Rather than protect all online gambling customers, an enforced deposit limit will have a marginal effect on the majority of the country’s gambling audience and will do more to hit gambling and tax revenues. This is corroborated by the country’s gambling regulator, Spelinspektionen, which says the deposit limit will affect a small proportion of customers (five to 25 per cent) who are high spenders.

EGBA believes that any positive effects of a deposit limit will be negated by negative effects on channelization, e.g. customers might play on black market or unlicensed websites to avoid the restrictions. According to a recent study, 40 per cent of Sweden’s online casino customers, and 34% of sports betting customers, already gamble on unlicensed websites or would consider doing so. The deposit limit could, as Spelinspektionen rightly warn, drive high-spending players towards unlicensed websites which undermine their consumer protection – these websites are readily available, easy to access and do not apply any limits or responsible gambling measures, including the country’s Spelpaus self-exclusion scheme.

Maarten Haijer, Secretary General, EGBA, said: “We understand that politicians seek to reassure and protect their citizens during these difficult times, but the proposed gambling restrictions could actually harm more customers than they protect.
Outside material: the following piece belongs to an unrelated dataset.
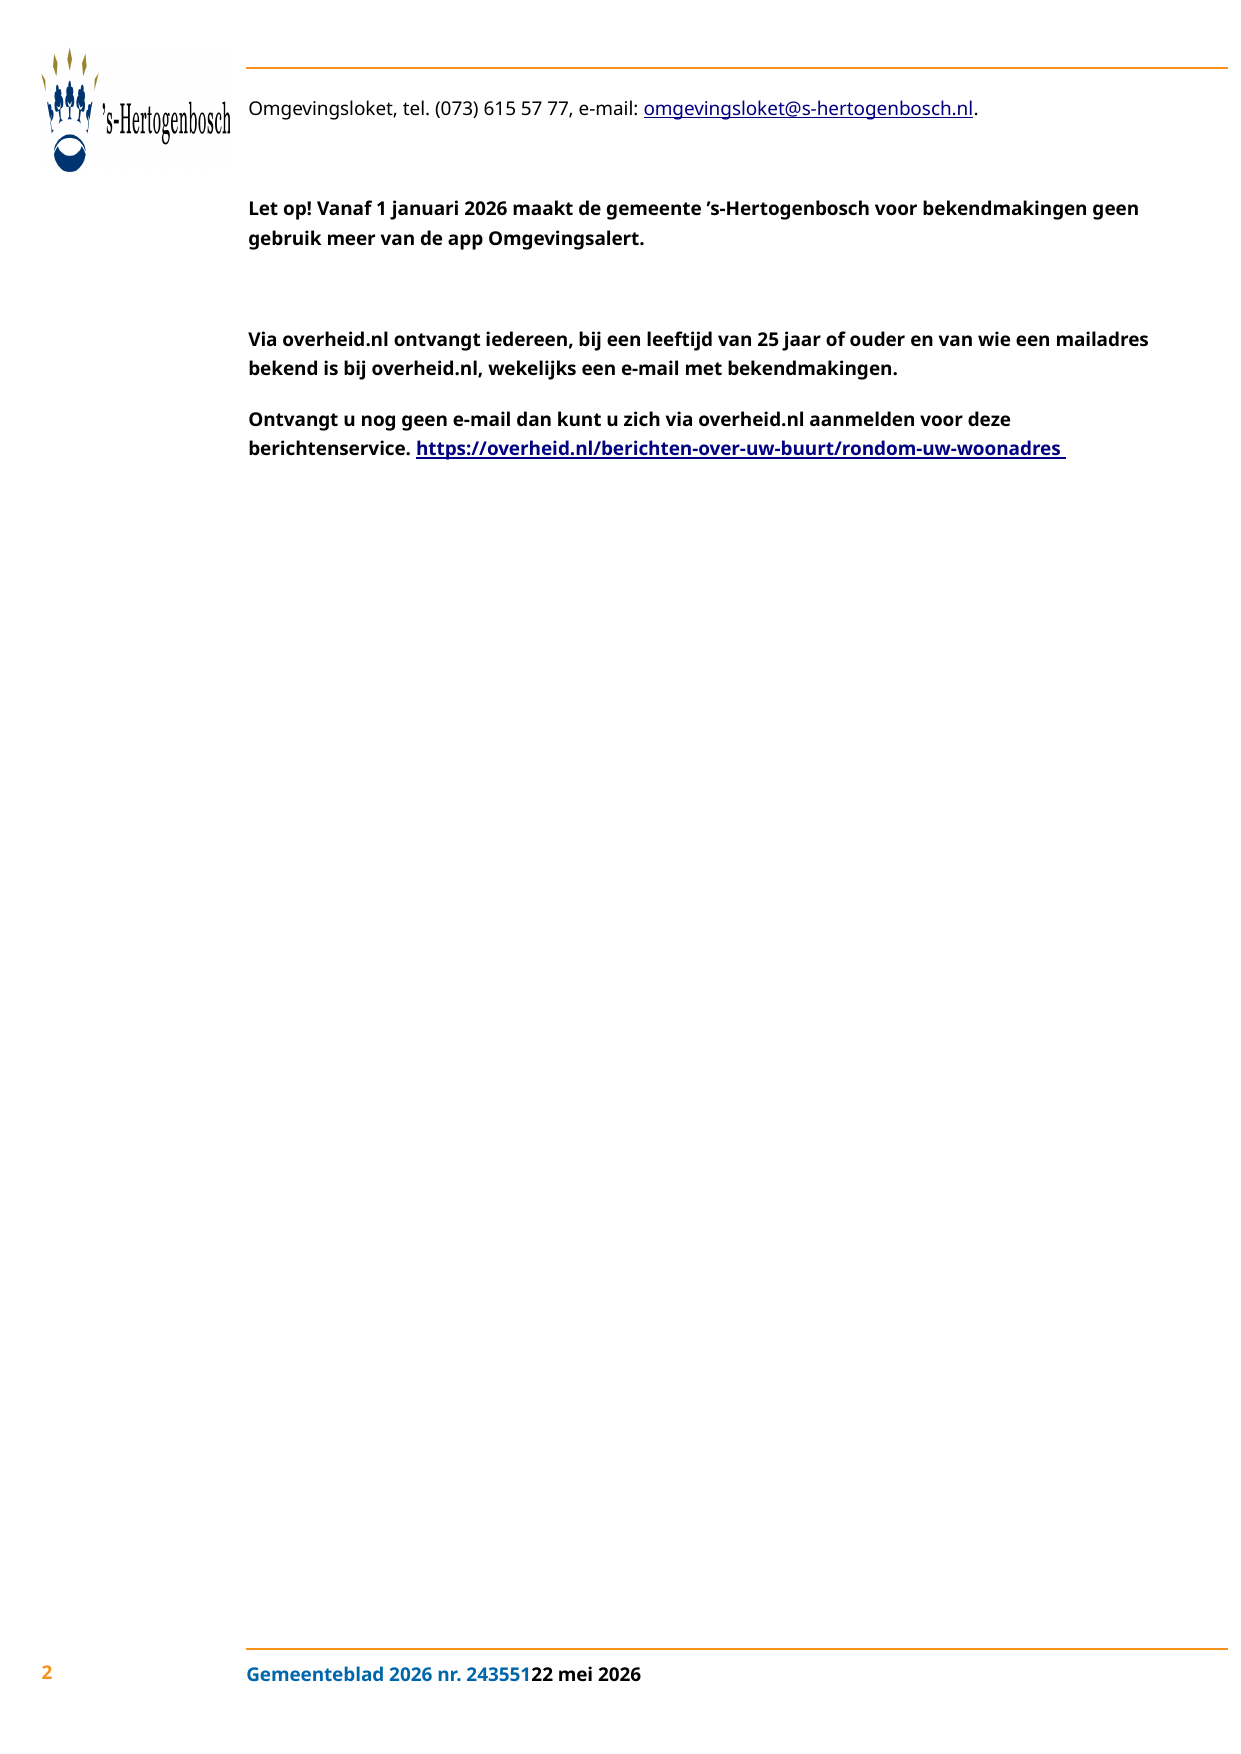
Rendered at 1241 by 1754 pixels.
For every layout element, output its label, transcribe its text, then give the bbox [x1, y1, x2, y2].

Many Swedes are already gambling on unlicensed websites and these restrictions will make unlicensed websites – which don’t apply any limits – even more attractive to them. We must remember gambling is human behaviour, consumers will always make their own choices and top-down regulation rarely works. In this case, it could have detrimental or counterproductive effects by pushing more gambling onto unregulated websites.”